┌────────

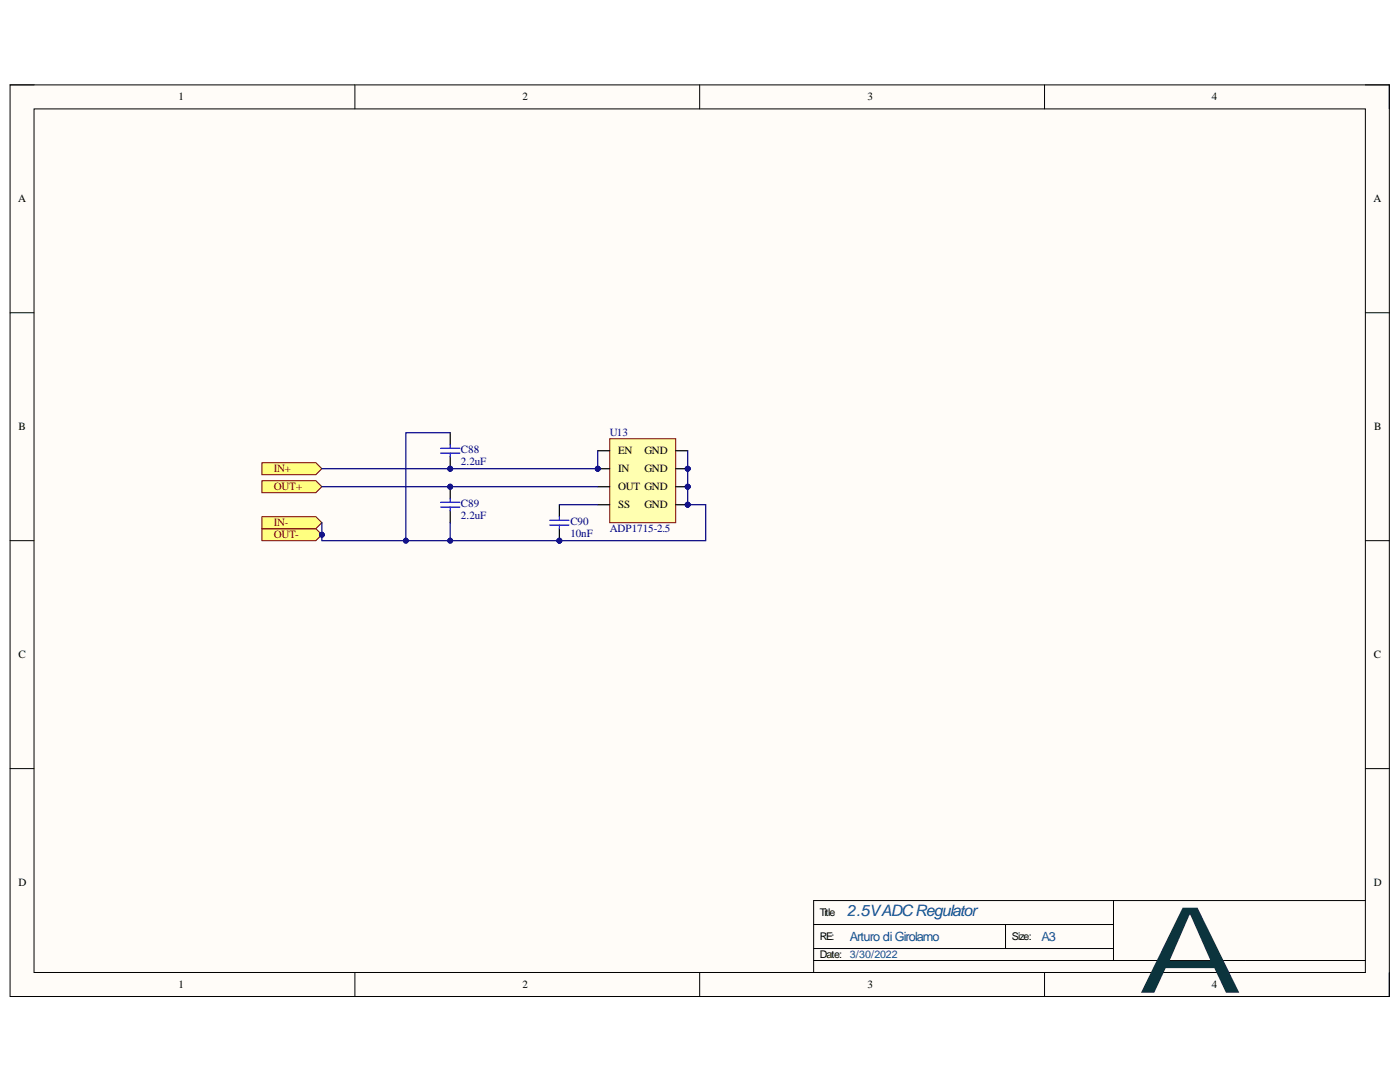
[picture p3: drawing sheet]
<svg xmlns="http://www.w3.org/2000/svg" width="279mm" height="216mm" viewBox="0 0 279 216" stroke-linecap="round" stroke-linejoin="round" font-family="sans-serif">
<defs><g id="words">
<text font-size="23.9" fill="#0c343d" x="227.1" y="198.1">A</text>
<text font-size="3.1" fill="#0b5394" x="169.1" y="182.8">2.5VADCRegulator</text>
<g font-size="2.5" fill="#0b5394">
<text x="169.6" y="187.8">Arturo di Girolamo</text>
<text x="207.8" y="187.8">A3</text>
</g>
<g font-size="2.2">
<text x="35.6" y="20">1</text>
<text x="104.3" y="20">2</text>
<text x="173.1" y="20">3</text>
<text x="241.9" y="20">4</text>
<text x="3.6" y="40.4">A</text>
<text x="274.1" y="40.4">A</text>
<text x="3.7" y="85.9">B</text>
<text x="274.3" y="85.9">B</text>
<text x="123.4" y="90.6">EN</text>
<text x="123.4" y="94.3">IN</text>
<text x="128.6" y="94.3">GND</text>
<text x="128.6" y="90.6">GND</text>
<text x="123.4" y="97.8">OUT GND</text>
<text x="123.4" y="101.4">SS</text>
<text x="128.6" y="101.4">GND</text>
<text x="3.7" y="131.3">C</text>
<text x="274.2" y="131.3">C</text>
<text x="3.7" y="176.8">D</text>
<text x="274.2" y="176.8">D</text>
<text x="35.6" y="197.2">1</text>
<text x="104.3" y="197.2">2</text>
<text x="173.1" y="197.2">3</text>
<text x="241.9" y="197.2">4</text>
</g>
<g font-size="2.2" fill="#000080">
<text x="121.7" y="87.1">U13</text>
<text x="92" y="90.4">C88</text>
<text x="92" y="92.8">2.2uF</text>
<text x="92" y="101.2">C89</text>
<text x="92" y="103.6">2.2uF</text>
<text x="113.8" y="104.8">C90</text>
<text x="113.8" y="107.1">10nF</text>
<text x="121.7" y="106.2">ADP1715-2.5</text>
</g>
<g font-size="2.2" fill="#800000">
<text x="54.7" y="94.3">IN+</text>
<text x="54.7" y="97.8">OUT+</text>
<text x="54.7" y="107.4">OUT-</text>
<text x="54.7" y="105">IN-</text>
</g>
<g font-size="2.1">
<text x="163.6" y="182.8">Title</text>
<text x="163.6" y="191.2">Date:</text>
<text x="163.6" y="187.6">RE:</text>
<text x="201.9" y="187.6">Size:</text>
</g>
<text font-size="2.1" fill="#0b5394" x="169.6" y="191.2">3/30/2022</text>
</g></defs>
<path d="M2 16.9h275.3v181.9h-275.3z" fill-rule="evenodd" fill="#fffcf8"/>
<path d="M2 16.9h275.3v181.9h-275.3z" fill="none" stroke="#000" stroke-width=".2"/>
<path d="M6.8 21.7h265.7v172.3h-265.7z" fill-rule="evenodd" fill="#fffcf8"/>
<g fill="none" stroke="#000" stroke-width=".2">
<path d="M2 16.9h4.8M70.8 16.9v4.8M139.6 16.9v4.8M208.5 16.9v4.8M272.5 16.9h4.8v4.8M6.8 21.7h265.7v172.3h-265.7zM2 62.4h4.8M272.5 62.4h4.8M2 107.9h4.8M272.5 107.9h4.8M2 153.4h4.8M272.5 153.4h4.8"/>
<path d="M222.2 179.7v12M272.5 179.7h-110.1v14.3M70.8 194v4.8M139.6 194v4.8M162.4 184.5h59.8M162.4 191.7h110.1M162.4 189.3h59.8M200.7 184.5v4.8M208.5 194v4.8M277.3 194v4.8"/>
</g>
<circle cx="111.6" cy="107.9" r=".48" fill="#000080"/>
<circle cx="111.6" cy="107.9" r=".48" fill="none" stroke="#000080" stroke-width=".2"/>
<path d="M111.6 105.5v2.4" fill="none" stroke="#000" stroke-width=".24"/>
<circle cx="111.6" cy="107.9" r=".48" fill="#000080"/>
<circle cx="111.6" cy="107.9" r=".48" fill="none" stroke="#000080" stroke-width=".2"/>
<path d="M111.6 100.7v2.4" fill="none" stroke="#000" stroke-width=".24"/>
<path d="M109.7 103.8h3.8M109.7 104.8h3.8M111.6 103.1v.7M111.6 104.8v.7" fill="none" stroke="#00f" stroke-width=".24"/>
<circle cx="89.8" cy="93.5" r=".48" fill="#000080"/>
<circle cx="89.8" cy="93.5" r=".48" fill="none" stroke="#000080" stroke-width=".2"/>
<path d="M89.8 91.1v2.4" fill="none" stroke="#000" stroke-width=".24"/>
<circle cx="89.8" cy="93.5" r=".48" fill="#000080"/>
<circle cx="89.8" cy="93.5" r=".48" fill="none" stroke="#000080" stroke-width=".2"/>
<path d="M89.8 86.3v2.4" fill="none" stroke="#000" stroke-width=".24"/>
<path d="M87.9 89.5h3.9M87.9 90.4h3.9M89.8 88.7v.8M89.8 90.4v.7" fill="none" stroke="#00f" stroke-width=".24"/>
<circle cx="89.9" cy="97.1" r=".48" fill="#000080"/>
<circle cx="89.9" cy="97.1" r=".48" fill="none" stroke="#000080" stroke-width=".2"/>
<path d="M89.8 97.1v2.4M89.8 101.9v2.4" fill="none" stroke="#000" stroke-width=".24"/>
<circle cx="89.9" cy="97.1" r=".48" fill="#000080"/>
<circle cx="89.9" cy="97.1" r=".48" fill="none" stroke="#000080" stroke-width=".2"/>
<path d="M89.8 99.5v.7M87.9 100.2h3.9M87.9 101.2h3.9M89.8 101.2v.7" fill="none" stroke="#00f" stroke-width=".24"/>
<circle cx="119.3" cy="93.5" r=".48" fill="#000080"/>
<circle cx="119.3" cy="93.5" r=".48" fill="none" stroke="#000080" stroke-width=".2"/>
<circle cx="137.2" cy="100.7" r=".48" fill="#000080"/>
<circle cx="137.2" cy="100.7" r=".48" fill="none" stroke="#000080" stroke-width=".2"/>
<circle cx="137.2" cy="97.1" r=".48" fill="#000080"/>
<circle cx="137.2" cy="97.1" r=".48" fill="none" stroke="#000080" stroke-width=".2"/>
<circle cx="137.2" cy="93.5" r=".48" fill="#000080"/>
<circle cx="137.2" cy="93.5" r=".48" fill="none" stroke="#000080" stroke-width=".2"/>
<path d="M121.7 87.5h13.1v16.8h-13.1z" fill-rule="evenodd" fill="#ffffb0"/>
<path d="M121.7 87.5h13.1v16.8h-13.1z" fill="none" stroke="#800000" stroke-width=".2"/>
<path d="M119.3 89.9h2.4M119.3 93.5h2.4" fill="none" stroke="#000" stroke-width=".24"/>
<circle cx="119.3" cy="93.5" r=".48" fill="#000080"/>
<circle cx="119.3" cy="93.5" r=".48" fill="none" stroke="#000080" stroke-width=".2"/>
<path d="M119.3 97.1h2.4M119.3 100.7h2.4M134.8 100.7h2.4" fill="none" stroke="#000" stroke-width=".24"/>
<circle cx="137.2" cy="100.7" r=".48" fill="#000080"/>
<circle cx="137.2" cy="100.7" r=".48" fill="none" stroke="#000080" stroke-width=".2"/>
<path d="M134.8 97.1h2.4" fill="none" stroke="#000" stroke-width=".24"/>
<circle cx="137.2" cy="97.1" r=".48" fill="#000080"/>
<circle cx="137.2" cy="97.1" r=".48" fill="none" stroke="#000080" stroke-width=".2"/>
<path d="M134.8 93.5h2.4" fill="none" stroke="#000" stroke-width=".24"/>
<circle cx="137.2" cy="93.5" r=".48" fill="#000080"/>
<circle cx="137.2" cy="93.5" r=".48" fill="none" stroke="#000080" stroke-width=".2"/>
<path d="M134.8 89.9h2.4" fill="none" stroke="#000" stroke-width=".24"/>
<path d="M52.3 95.9h10.7l1.2 1.2-1.2 1.2h-10.7z" fill-rule="evenodd" fill="#ffff80"/>
<path d="M52.3 95.9h10.7l1.2 1.2-1.2 1.2h-10.7z" fill="none" stroke="#800000" stroke-width=".2"/>
<path d="M52.3 105.5h10.7l1.2 1.2-1.2 1.2h-10.7z" fill-rule="evenodd" fill="#ffff80"/>
<path d="M52.3 105.5h10.7l1.2 1.2-1.2 1.2h-10.7z" fill="none" stroke="#800000" stroke-width=".2"/>
<circle cx="64.2" cy="106.7" r=".48" fill="#000080"/>
<circle cx="64.2" cy="106.7" r=".48" fill="none" stroke="#000080" stroke-width=".2"/>
<path d="M52.3 103.1h10.7l1.2 1.2-1.2 1.2h-10.7z" fill-rule="evenodd" fill="#ffff80"/>
<path d="M52.3 103.1h10.7l1.2 1.2-1.2 1.2h-10.7z" fill="none" stroke="#800000" stroke-width=".2"/>
<path d="M52.3 92.3h10.7l1.2 1.2-1.2 1.2h-10.7z" fill-rule="evenodd" fill="#ffff80"/>
<path d="M52.3 92.3h10.7l1.2 1.2-1.2 1.2h-10.7z" fill="none" stroke="#800000" stroke-width=".2"/>
<path d="M119.3 89.9v3.6h-55.1M111.6 100.7h7.7" fill="none" stroke="#000080" stroke-width=".24"/>
<circle cx="119.3" cy="93.5" r=".48" fill="#000080"/>
<circle cx="119.3" cy="93.5" r=".48" fill="none" stroke="#000080" stroke-width=".2"/>
<circle cx="89.8" cy="93.5" r=".48" fill="#000080"/>
<circle cx="89.8" cy="93.5" r=".48" fill="none" stroke="#000080" stroke-width=".2"/>
<path d="M64.2 97.1h55.1" fill="none" stroke="#000080" stroke-width=".24"/>
<circle cx="89.9" cy="97.1" r=".48" fill="#000080"/>
<circle cx="89.9" cy="97.1" r=".48" fill="none" stroke="#000080" stroke-width=".2"/>
<path d="M89.8 86.3h-8.8v21.6h8.8v-3.6" fill="none" stroke="#000080" stroke-width=".24"/>
<circle cx="81" cy="107.9" r=".48" fill="#000080"/>
<circle cx="81" cy="107.9" r=".48" fill="none" stroke="#000080" stroke-width=".2"/>
<circle cx="89.8" cy="107.9" r=".48" fill="#000080"/>
<circle cx="89.8" cy="107.9" r=".48" fill="none" stroke="#000080" stroke-width=".2"/>
<path d="M137.2 89.9v10.8h3.6v7.2h-51" fill="none" stroke="#000080" stroke-width=".24"/>
<circle cx="137.2" cy="93.5" r=".48" fill="#000080"/>
<circle cx="137.2" cy="93.5" r=".48" fill="none" stroke="#000080" stroke-width=".2"/>
<circle cx="137.2" cy="97.1" r=".48" fill="#000080"/>
<circle cx="137.2" cy="97.1" r=".48" fill="none" stroke="#000080" stroke-width=".2"/>
<circle cx="137.2" cy="100.7" r=".48" fill="#000080"/>
<circle cx="137.2" cy="100.7" r=".48" fill="none" stroke="#000080" stroke-width=".2"/>
<circle cx="111.6" cy="107.9" r=".48" fill="#000080"/>
<circle cx="111.6" cy="107.9" r=".48" fill="none" stroke="#000080" stroke-width=".2"/>
<circle cx="89.8" cy="107.9" r=".48" fill="#000080"/>
<circle cx="89.8" cy="107.9" r=".48" fill="none" stroke="#000080" stroke-width=".2"/>
<path d="M64.2 104.3v3.6h16.8" fill="none" stroke="#000080" stroke-width=".24"/>
<circle cx="64.2" cy="106.7" r=".48" fill="#000080"/>
<circle cx="64.2" cy="106.7" r=".48" fill="none" stroke="#000080" stroke-width=".2"/>
<circle cx="81" cy="107.9" r=".48" fill="#000080"/>
<circle cx="81" cy="107.9" r=".48" fill="none" stroke="#000080" stroke-width=".2"/>
<use href="#words"/>
</svg>

└────────

**Directions**
Pull out every line holding "rule" from the records above, and copy it.

**Solution to this problem**
<path d="M2 16.9h275.3v181.9h-275.3z" fill-rule="evenodd" fill="#fffcf8"/>
<path d="M6.8 21.7h265.7v172.3h-265.7z" fill-rule="evenodd" fill="#fffcf8"/>
<path d="M121.7 87.5h13.1v16.8h-13.1z" fill-rule="evenodd" fill="#ffffb0"/>
<path d="M52.3 95.9h10.7l1.2 1.2-1.2 1.2h-10.7z" fill-rule="evenodd" fill="#ffff80"/>
<path d="M52.3 105.5h10.7l1.2 1.2-1.2 1.2h-10.7z" fill-rule="evenodd" fill="#ffff80"/>
<path d="M52.3 103.1h10.7l1.2 1.2-1.2 1.2h-10.7z" fill-rule="evenodd" fill="#ffff80"/>
<path d="M52.3 92.3h10.7l1.2 1.2-1.2 1.2h-10.7z" fill-rule="evenodd" fill="#ffff80"/>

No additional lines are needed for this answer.